1. A method for classifying content, the method comprising the steps of:
identifying a particular program in order to determine a genre or category for the program;
creating a list of words associated with the program;
accessing a database comprising stored words and their associated genres or categories for each word; and
determining the genre or category for the program based on a comparison of the list of words with the stored words and their associated genres or categories.
2. The method of claim 1 wherein the database comprises stored words from multiple programs and their associated genres.
3. The method of claim 1 wherein the step of creating the list of words associated with the program comprises the step of identifying the words from metadata associated with the program.
4. The method of claim 1 wherein the step of creating the list of words associated with the program comprises the step of identifying the words directly from the content of the program.
5. The method of claim 1 further comprising the steps of:
determining a gross genre of the program from metadata; and
appending the list of words associated with the program and the gross genre to the database.
6. The method of claim 1 wherein the particular program comprises a television show, a video, internet content, an electronic document, or any content for which there exists metadata or a natural language representation of the content.

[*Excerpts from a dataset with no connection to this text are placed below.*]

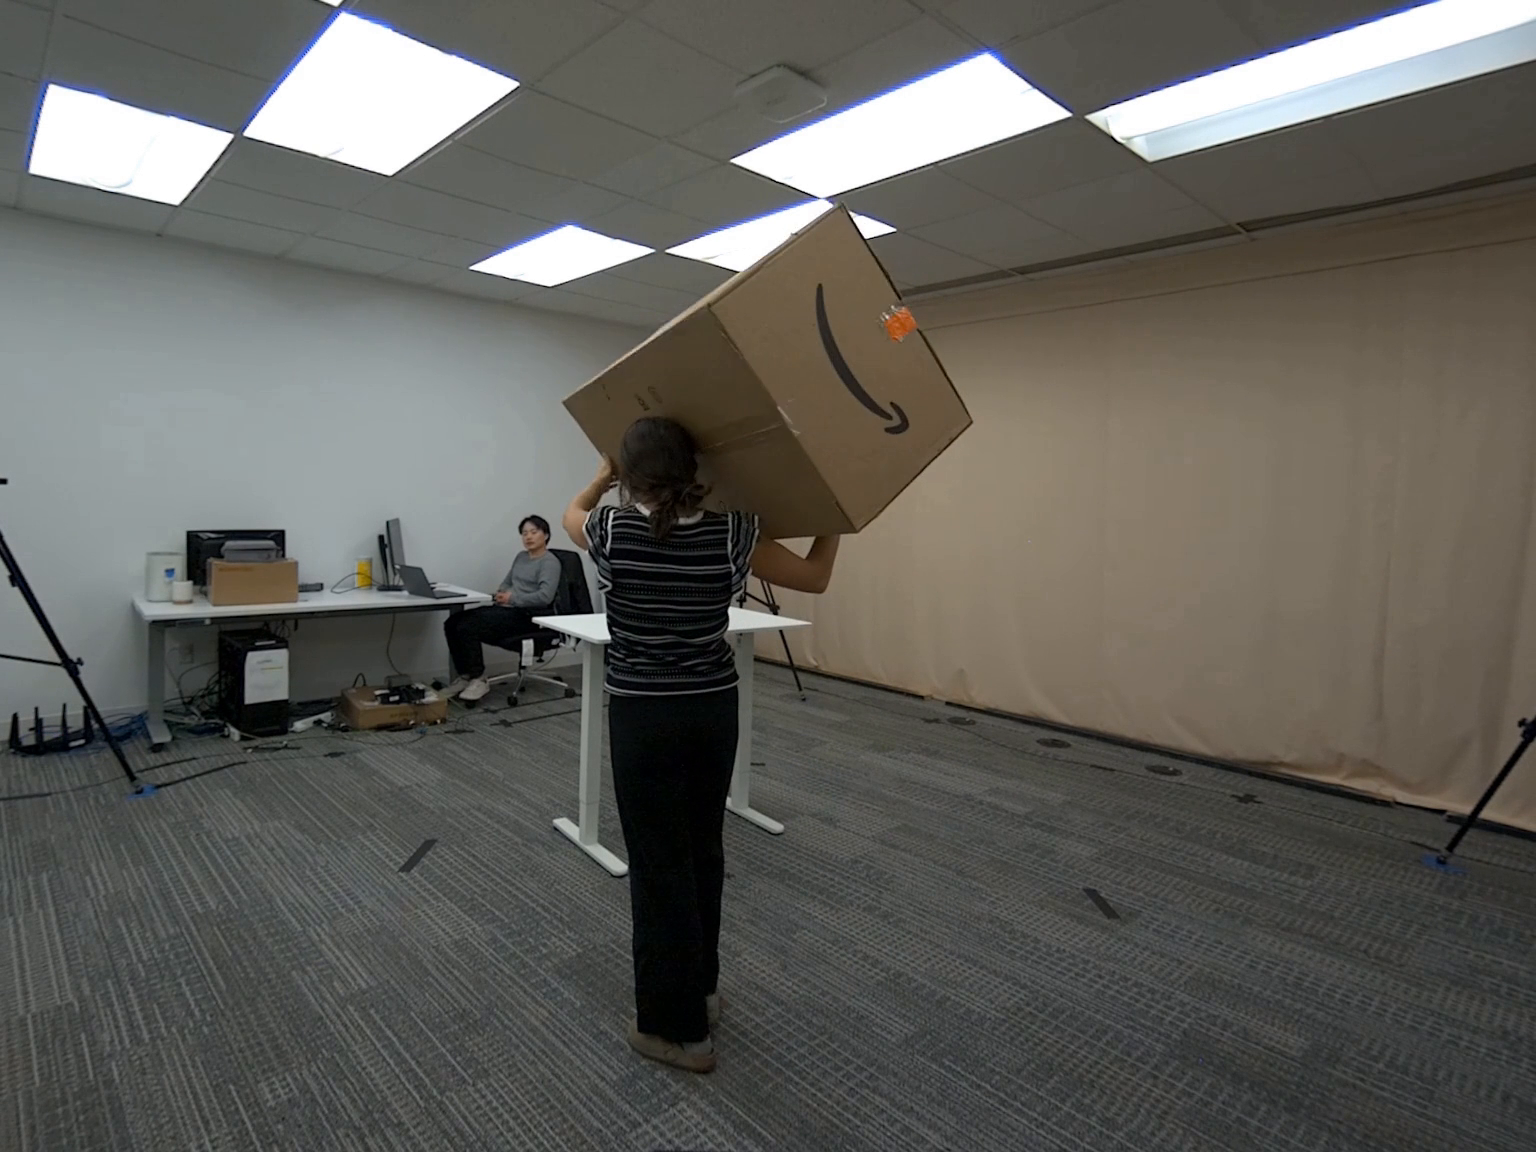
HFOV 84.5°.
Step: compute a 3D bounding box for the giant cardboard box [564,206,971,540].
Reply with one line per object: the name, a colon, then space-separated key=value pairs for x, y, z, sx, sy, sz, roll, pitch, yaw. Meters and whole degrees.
giant cardboard box: x=-0.075 y=-0.437 z=2.241 sx=0.425 sy=0.568 sz=1.045 roll=-42 pitch=18 yaw=-23
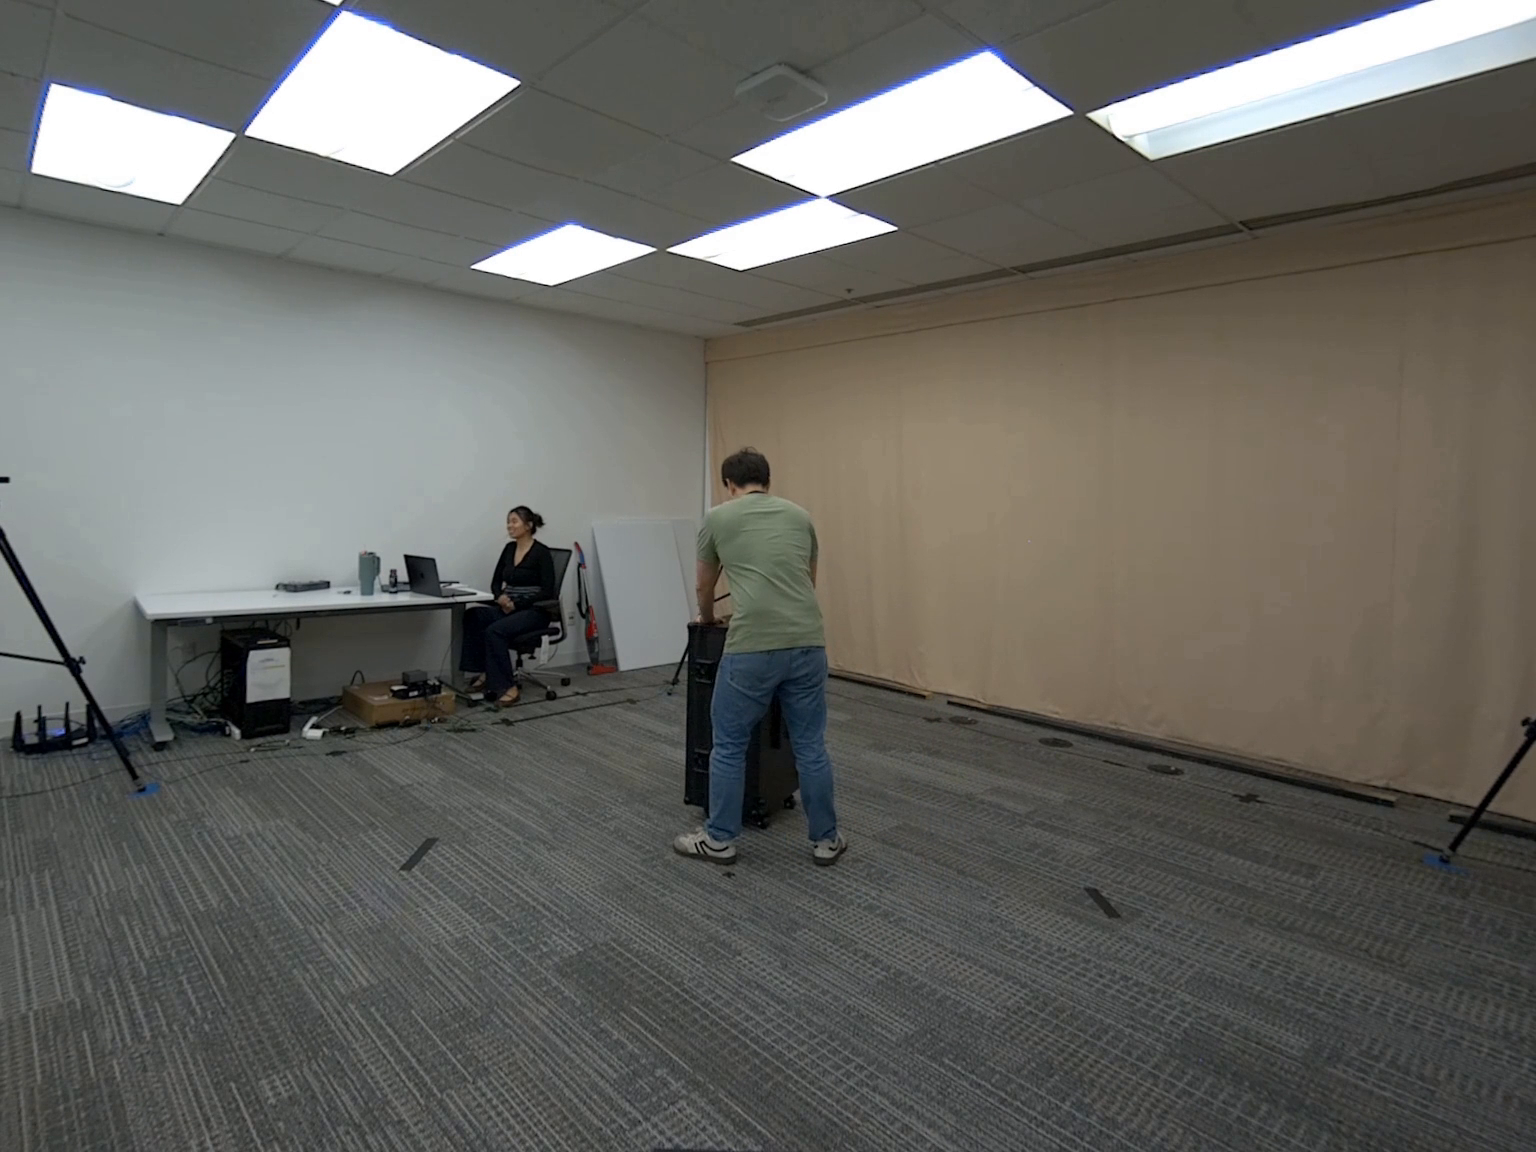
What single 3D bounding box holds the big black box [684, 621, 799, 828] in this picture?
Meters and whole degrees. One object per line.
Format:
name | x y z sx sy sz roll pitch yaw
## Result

7. The method of claim 1 wherein the step of determining the genre or category for the program comprises the steps of:
determining words from the list of words that are most representative of the program;
determining the genre from the words that are most representative of the program.
8. The method of claim 1 wherein the step of determining the genre comprises the step of combining genre names together to form a single genre.
9. The method of claim 1 wherein the step of determining the genre or category for the program is additionally based on data obtained from a source outside the database.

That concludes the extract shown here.